DRAGdb indicates that mutations in rpoB were not only responsible for resistance to the rifamycin class of drugs including rifampicin, rifabutin, rifalazil, rifapentine and rifaximin, but also resistance to 10 other drugs of various drug families in 62 bacterial species including Mycobacterium species, the ESKAPE pathogens Acinetobacter baumannii, Enterococcus faecium, Pseudomonas aeruginosa, Staphylococcus aureus and many other bacteria. The frequency plot of 3 crucial mutations in the Rifampicin Resistance Determining Region (RRDR) of rpoB (as shown in Fig. 1C and in Supplementary File 1: Table S3) shows that mutations at codon positions 435, 445 and 450 exerted an additive effect on drug resistance. Thus no single dominant mutation is alone responsible for resistance to rifamycins in MTB and ESKAPE.

rpsL

rpsL is primarily associated with streptomycin resistance. However, mutations in rpsL also cause resistance to other aminoglycosides such as kanamycin, amikacin and paromomycin. rpsL mutations were present across 37 bacteria including Mycobacterium species, an ESKAPE pathogen Kleibsella pneumoniae and other bacterial species. The frequency plot of two dominant drug resistance associated mutations in rpsL at codon positions 43 and 88 is shown in Fig. 1D and the data is shown in Supplementary File 1: Table S4.

rrs

rrs encodes 16S rRNA in bacteria and is associated with streptomycin resistance. DRAGdb shows its involvement in resistance to 5 other aminoglycosides as well. Mutations in rrs were found in 7 bacterial species. No mutation has been reported for the ESKAPE pathogens.

Homoplasy and pleiotropy

Multiple sequence alignments of the protein sequences corresponding to each gene across the reported bacteria were performed as shown in Supplementary File 1: Fig. S1(A–D). Interestingly, in some genes such as rpoB, gyrA, gyrB, gidB and rpsL similar points of mutations associated with drug resistance, were observed across bacterial species. This could be due to common mechanisms associated with the bacterial response to an antibiotic/drug29. Such occurrence of identical genotypes across drug resistant bacterial species is termed here as homoplasy. The MTB H37Rv numbering system was used as reference in our analysis. An example of homoplasy is a point mutation, Asp to Asn in rpoB at codon position 435 (MTB numbering). This mutation was found in 12 bacterial species including MTB, ESKAPE pathogens such as Actinobacter baumannii and S. aureus, other pathogenic bacteria including Helicobacter pylori and Haemophilus influenza and non-pathogenic bacteria, for example, Deinococcus radiodurans and Streptomyces lividans. In Fig. 2A, the circular plot illustrates some examples of homoplasy events in mutated codon positions across some of the reported bacterial species.

Figure 2
figure 2

(A) The circular plot depicts examples of Homoplasy observed in DRAGdb. Rainbow colored chords connect amino acid positions of the genes (rainbow colored grids) to bacteria (grey colored grids) that have the same point mutation in a specific position associated with resistance to the same drug.The grid name pattern is “gene + codon position”. (B) The circular plot depicts examples of Pleiotropy observed in DRAGdb where rainbow colored chords connect nucleotide positions of the genes of specific bacteria (rainbow colored grids) to drug names (grey colored grids) showing that a single nucleotide mutation causes multiple drug resistance. The grid name pattern is “abbreviation of bacterial name + gene + nucleotide position”. SA stands for Staphylococcus aureus, MS stands for Mycobacterium smegmatis and EF stands for Enterococcus faecium. The circular plots were drawn using circlizeR package in R.

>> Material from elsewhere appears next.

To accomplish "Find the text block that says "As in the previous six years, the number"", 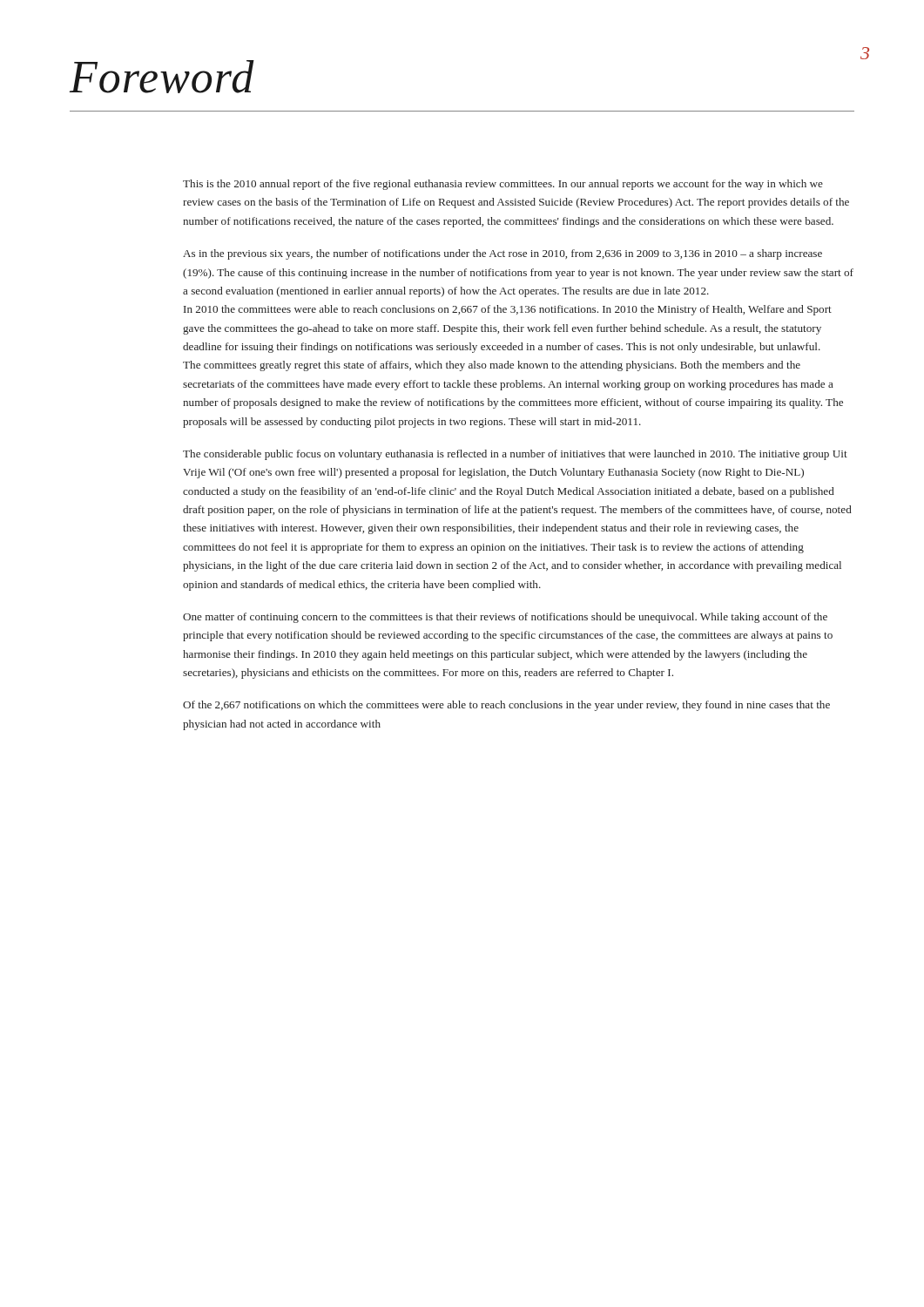I will tap(518, 272).
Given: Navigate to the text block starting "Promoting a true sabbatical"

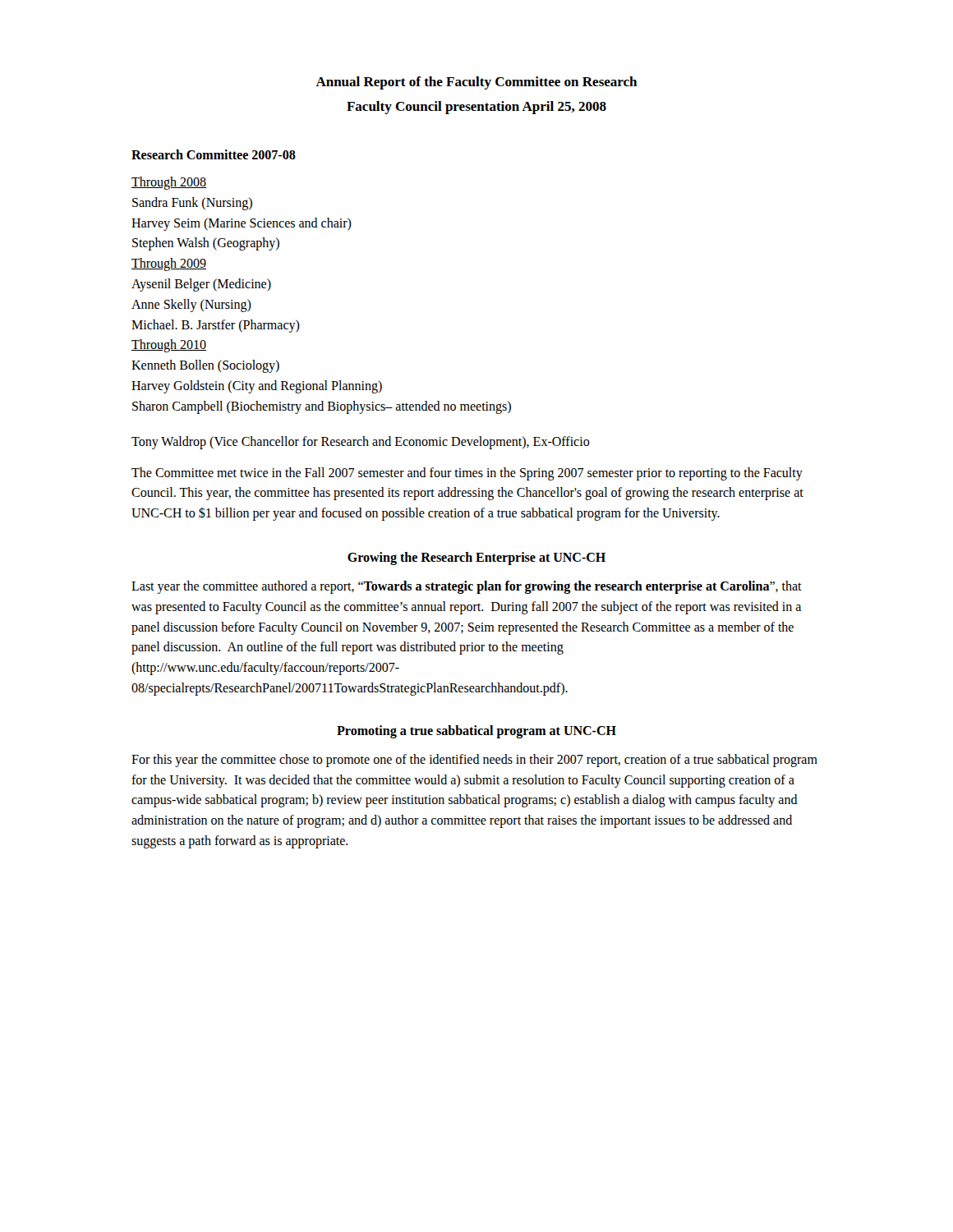Looking at the screenshot, I should (x=476, y=730).
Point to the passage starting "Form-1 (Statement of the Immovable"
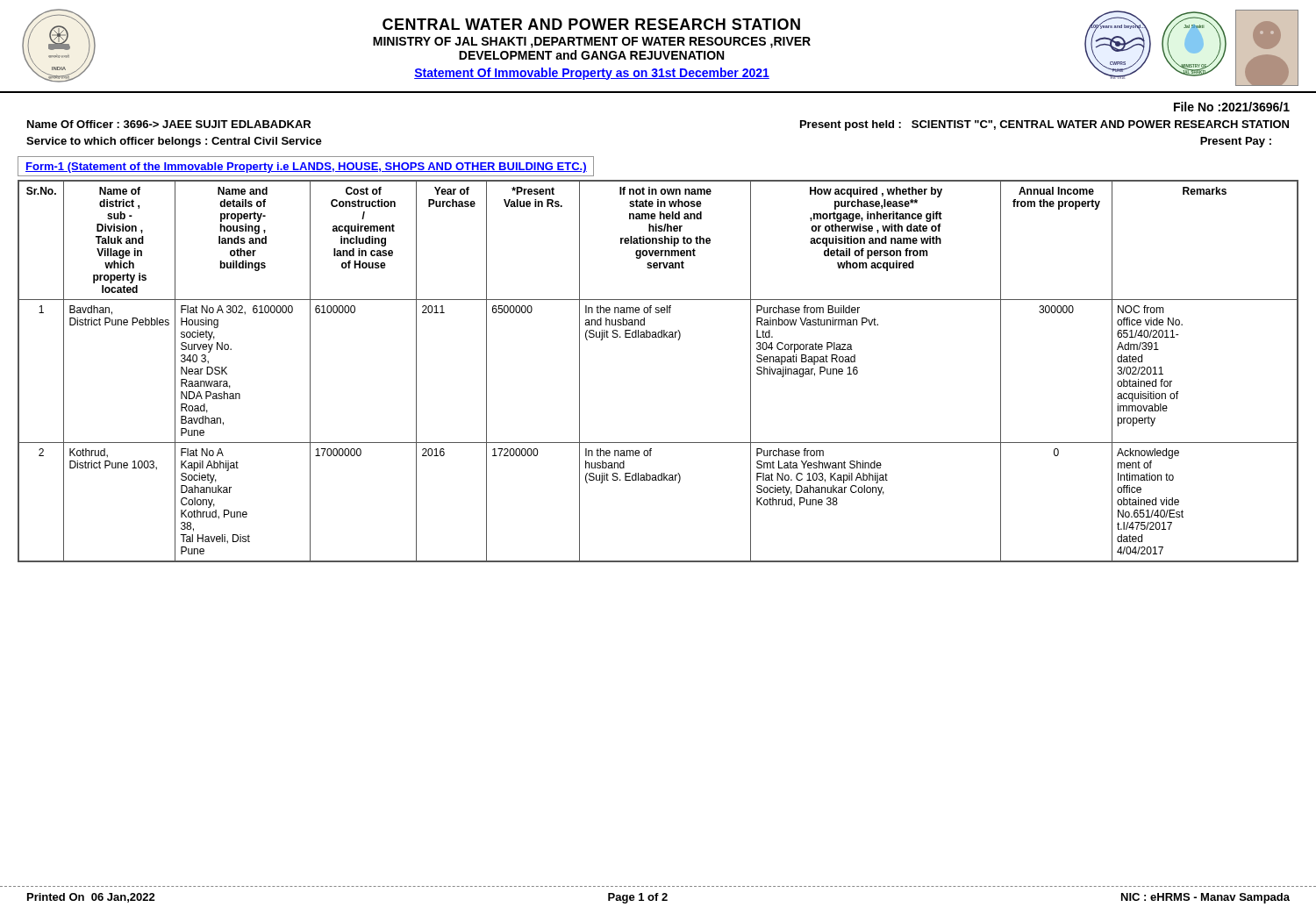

The data curated for DRAGdb also indicates in some bacteria, the presence of cross resistance towards multiple drugs due to a single point mutation. This phenomenon in which a single locus influences resistance to two or more distinct drugs is defined here as pleiotropy. Some of the mutations in rpoB across bacterial species were known to be associated with resistance to rifampicin and/or other rifamycins. However, an instance was found in S. aureus where mutation in rpoB at codon position 477 and nucleotide position 1430 (S. aureus numbering) was responsible for resistance to rifampicin, daptomycin, vancomycin and oxacillin30. In Fig. 2B, the circular plot provides examples of nucleotide positions in genes in specific organisms where a single point mutation is associated with multi-drug resistance.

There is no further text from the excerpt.